At virtually every turn in the early months of the presidential primary season, Donald Trump has looked and functioned like some sort of Teflon-coated candidate.
Despite ruffling feathers with comments about veterans and Mexicans, as well as a spate of controversies over dated allegations of misogyny and marital rape, Trump’s poll numbers continue to rise week after week. Now, an investigative journalist is raising questions regarding the real estate mogul’s business ties to organized crime with a report that could ultimately affect Trump’s appeal to voters.

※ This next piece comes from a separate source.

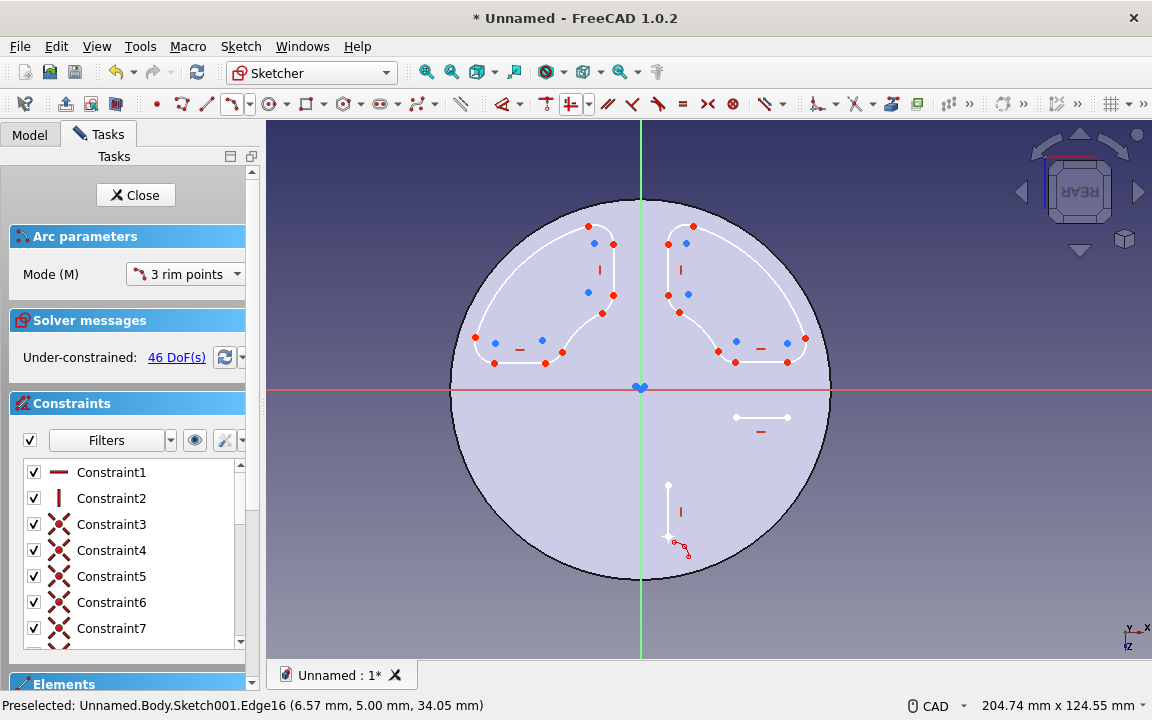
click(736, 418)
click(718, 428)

Wayne Barrett, a New York journalist who wrote a 1992 unauthorized biography of Donald Trump, recently spoke to CNN , sharing his findings regarding the presidential candidate’s past business relationships with gangsters. In presenting Barrett’s findings, CNN noted that Trump’s ties to organized crime allegedly involve documented endeavors with mob-controlled construction companies in New York and Philadelphia during the 1980s and 1990s.
“There was a certain amount of mob association during which the father and he were building, which was very difficult to avoid in the New York construction world,” Barrett told CNN , “He went out of his way not to avoid them, but to increase them.”
The Federalist also took an in-depth look at the possibility that Trump may have dealt with some unseemly characters and entities over the course of his storied career. Once again drawing on the work of Wayne Barrett, reported David Marcus traces The Donald’s earliest entanglements with the mob to a real estate purchase from notorious Philly mobster Salvatore Testa. He also details Trump’s apparent connections to Philly crime boss Nicodemo “Little Nicky” Scarfo and convicted murderer Phillip “Crazy Phil” Leonetti, who were apparently involved in the construction of Trump Plaza in Atlantic City.
CNN reportedly reached out to Trump’s campaign regarding Wayne Barrett’s comments but did not receive a response. As for the candidate himself, he’s shown a recurring penchant for handling controversy head-on, so it’s likely he’ll speak out prior to the much-anticipated Republican debate . But given the lengthy list of documented involvements with some of America’s most dangerous gangsters, Donald Trump might do well to meet this new challenge not with his signature outbursts of threats and name-calling but with substantive and qualitative defense of his integrity, because that is precisely what’s on the line this time around.